Criminals use email as an inexpensive, easy way to reach a large number of people quickly. Their promises of an easy payday can be tempting, but don’t let their tricks fool you into giving up your hard-earned resources.
Here’s a sample email recently received from a scammer. The email has been copied verbatim to show you each and every nuance of the criminal’s deceptive words to gain your interest and action.
“On Monday, January 16, 2017 3:10 AM, Mrs.Susan Dansuki <firstname.lastname@example.org> wrote:
Be informing that we have been authorized by the United Nations Debt
Reconciliation Unit to release your compensation payment of
US$1,500,000.00 through Money Gram transfer. You will be receiving
US$5,000.00 daily until the total sum of US$1,500,000.00 is completely
transferred to you.
Besides, we have already sent your first payment of US$5,000.00 today,
therefore, you are advice to contact (MR. MARCEL OWURAH) and request him
to give you the payment details such as Money Gram reference# and senders
name to enable you pick up your first payment of US$5,000.00 at any Money
Gram office around you. Contact him with the information below.

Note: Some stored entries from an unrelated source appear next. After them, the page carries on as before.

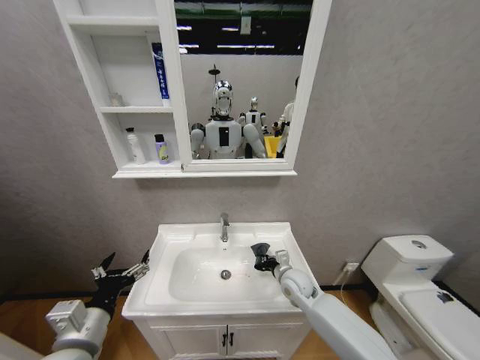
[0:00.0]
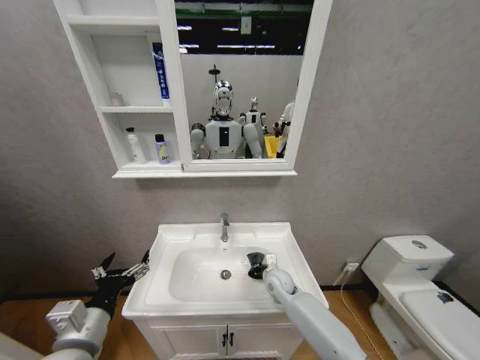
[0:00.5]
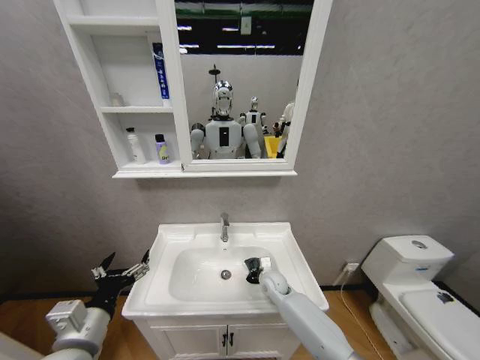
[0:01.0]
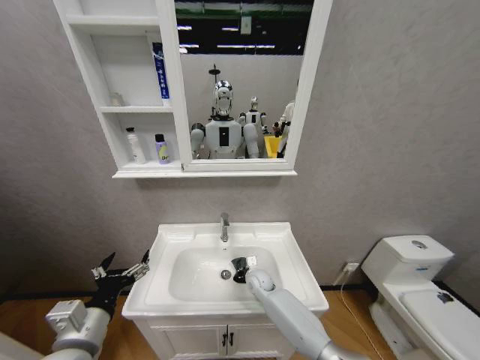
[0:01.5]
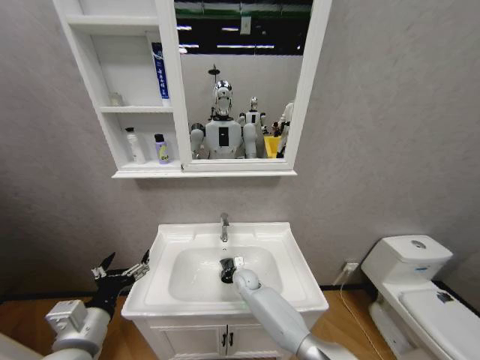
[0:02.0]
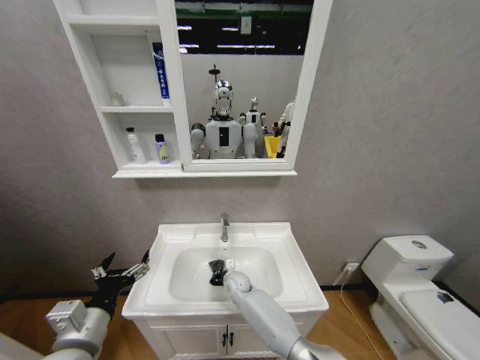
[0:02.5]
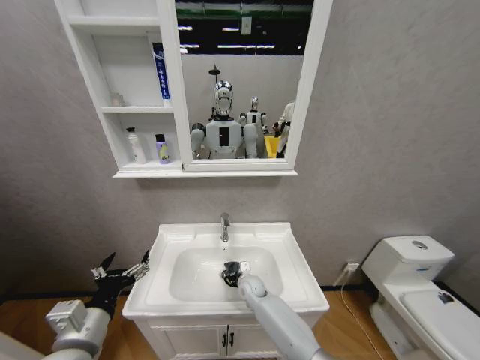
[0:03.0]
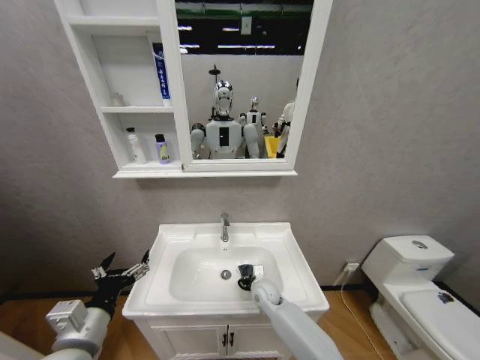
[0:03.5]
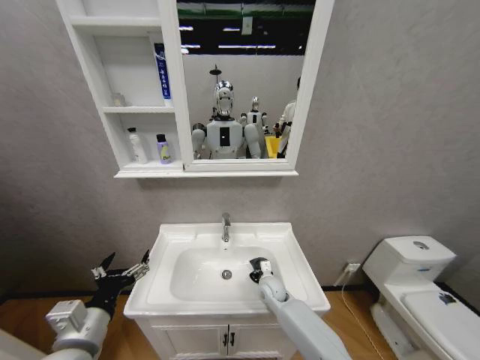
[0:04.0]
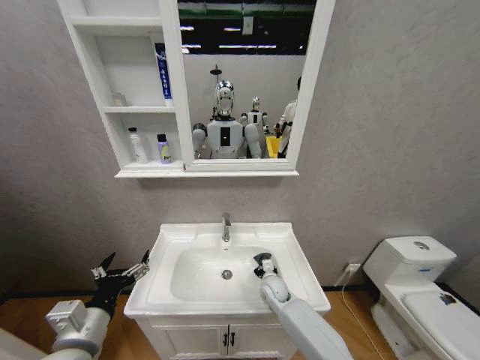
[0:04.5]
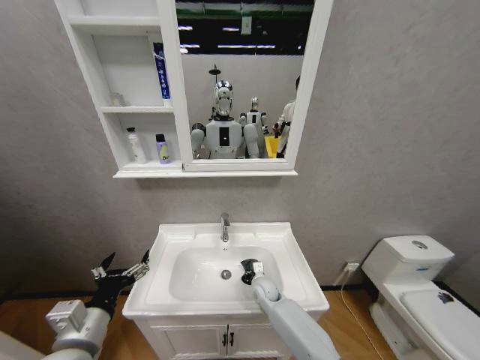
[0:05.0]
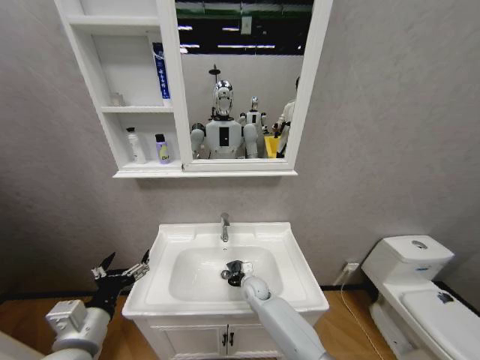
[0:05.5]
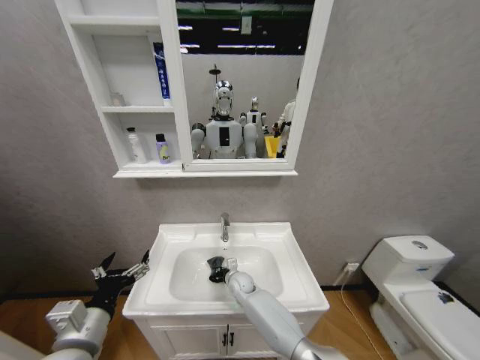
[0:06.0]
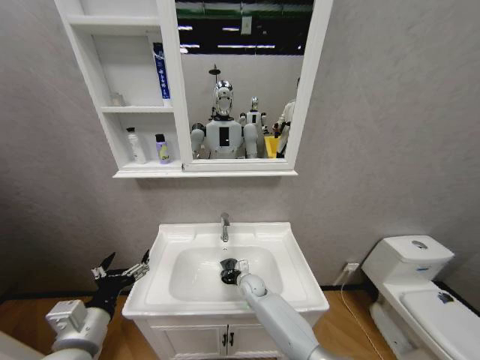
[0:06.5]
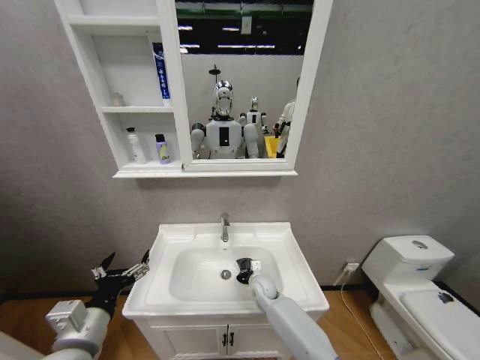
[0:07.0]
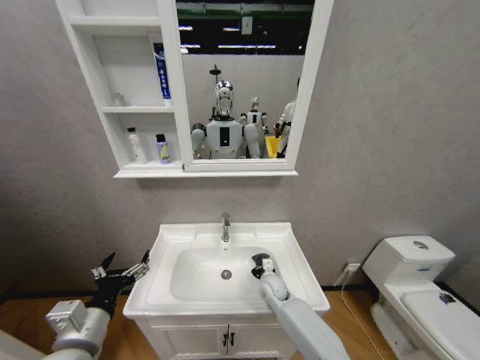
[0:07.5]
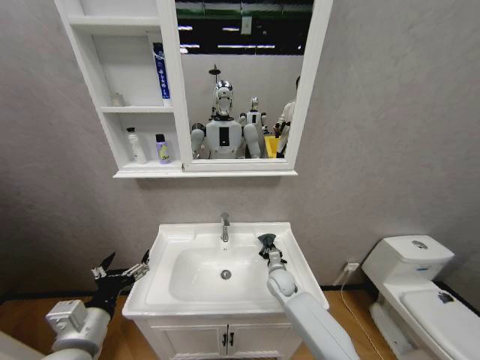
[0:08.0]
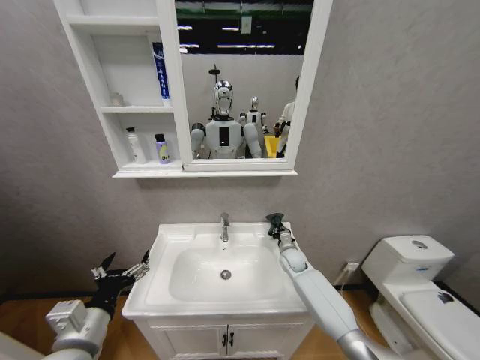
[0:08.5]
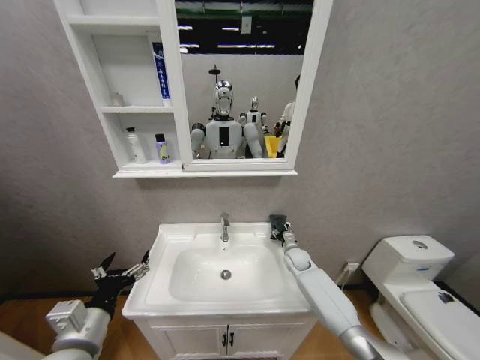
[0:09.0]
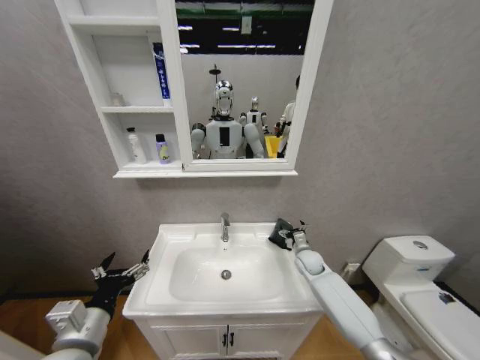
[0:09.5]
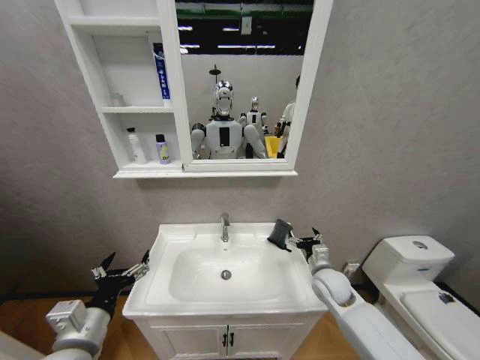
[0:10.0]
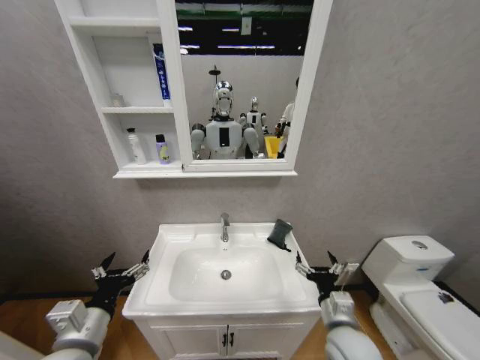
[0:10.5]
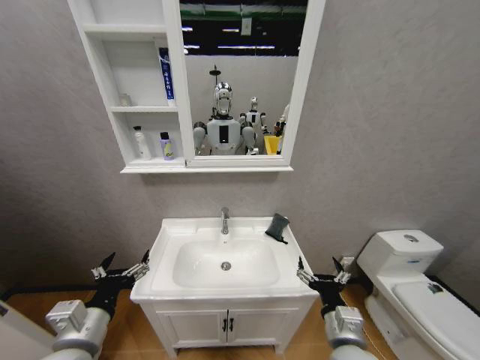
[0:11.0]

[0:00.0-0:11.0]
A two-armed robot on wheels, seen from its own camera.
Task of the whole recording: Move facial cleanser and shampoo from washbasin to cabinet, then wipe washbasin with towel.
0:00.0 to 0:02.0: The right gripper heads to the left, downward and forward, covering some 20 cm.
0:02.0 to 0:03.5: The right gripper goes some 10 cm to the right and backward.
0:03.5 to 0:05.5: The grippers move only a little.
0:05.5 to 0:07.5: The right gripper is displaced to the right by about 5 cm.
0:07.5 to 0:09.0: The right gripper travels to the right and forward by roughly 15 cm, and opens.
0:09.0 to 0:11.0: The right gripper heads backward, covering some 35 cm, and opens up.

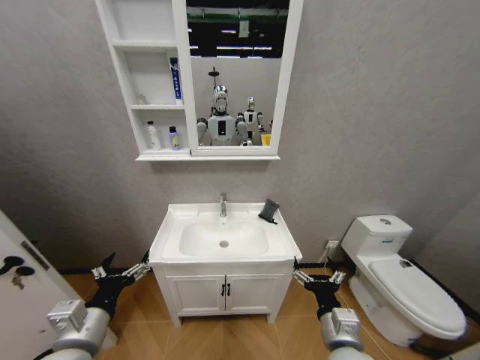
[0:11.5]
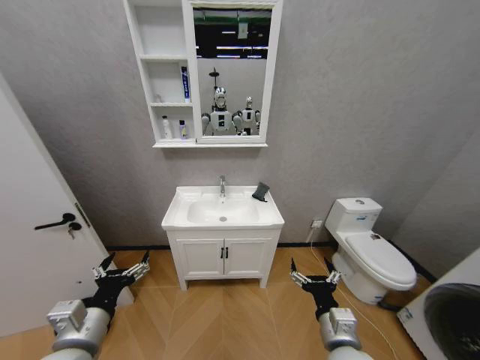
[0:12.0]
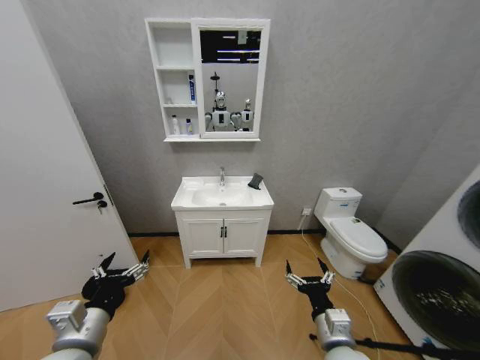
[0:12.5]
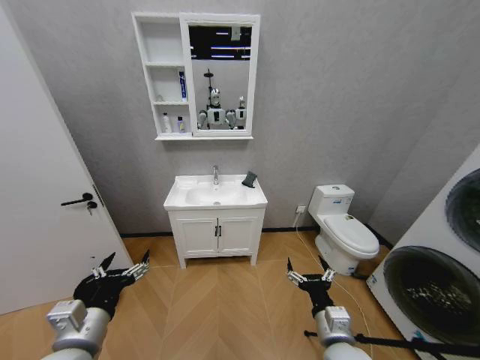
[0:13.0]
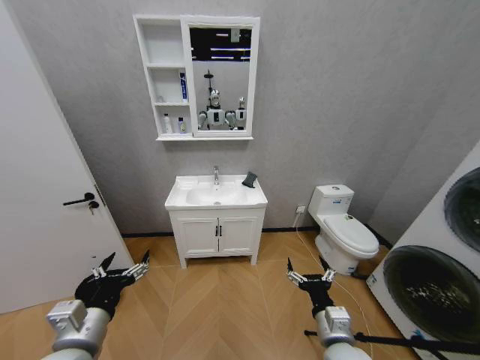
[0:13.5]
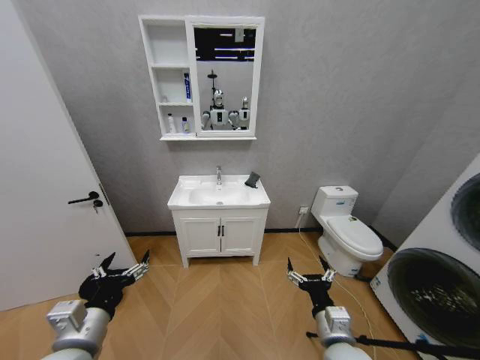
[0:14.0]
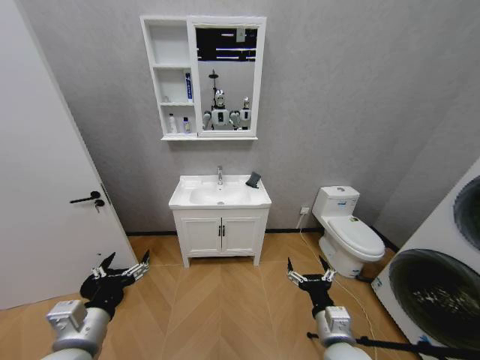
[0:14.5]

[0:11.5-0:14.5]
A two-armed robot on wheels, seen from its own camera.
Task of the whole recording: Move facial cleanser and shampoo from washbasin to cabinet, then wipe washbasin with towel.
0:13.0 to 0:14.5: Neither gripper changes place.

Contact Person: MR. MARCEL OWURAH
Phone Number: +229 94 06 77 68
REMEMBER TO FORWARD HIM YOUR FULL INFORMATION AS REQUIRED BELOW TO ENABLE
HIM LOCATE YOUR PAYMENT FILE AND ATTEND TO YOU IMMEDIATELY.
1. Your Full Name:
5. Telephone Numbers:
NOTE: that the amount to be paid to you is (USD1.500, 000.00), we expect
your urgent response to this email to enable us monitor the payment
This email sender isn’t interested in sending money to the email recipient who remains unidentified throughout the entire message. A recipient who responds to this scoundrel will instead receive a request for money.
Never send a stranger money to receive a larger sum of money in return. It is always a scam, and you’ll only lose your cash to a criminal who will take as much from you as possible.
Would you like to know more about this scammer’s base of operations? Here’s a quick way to check the sender’s domain:
- Go to http://scamadvisor.com
- Copy and paste the domain name of the sender’s email address (after the @ symbol) into the box asking for “Enter the website name here.” In the email above, the sender’s domain name is mavericks.ru.
- Review the results
Based on information from http://scamadvisor.com, the sender of the email above is from Russia and interaction with the website involves a high risk. If the generic nature and extreme generosity of the email aren’t enough to dissuade you from responding, let the source of the email be the final nail that seals this scam in a coffin of contempt.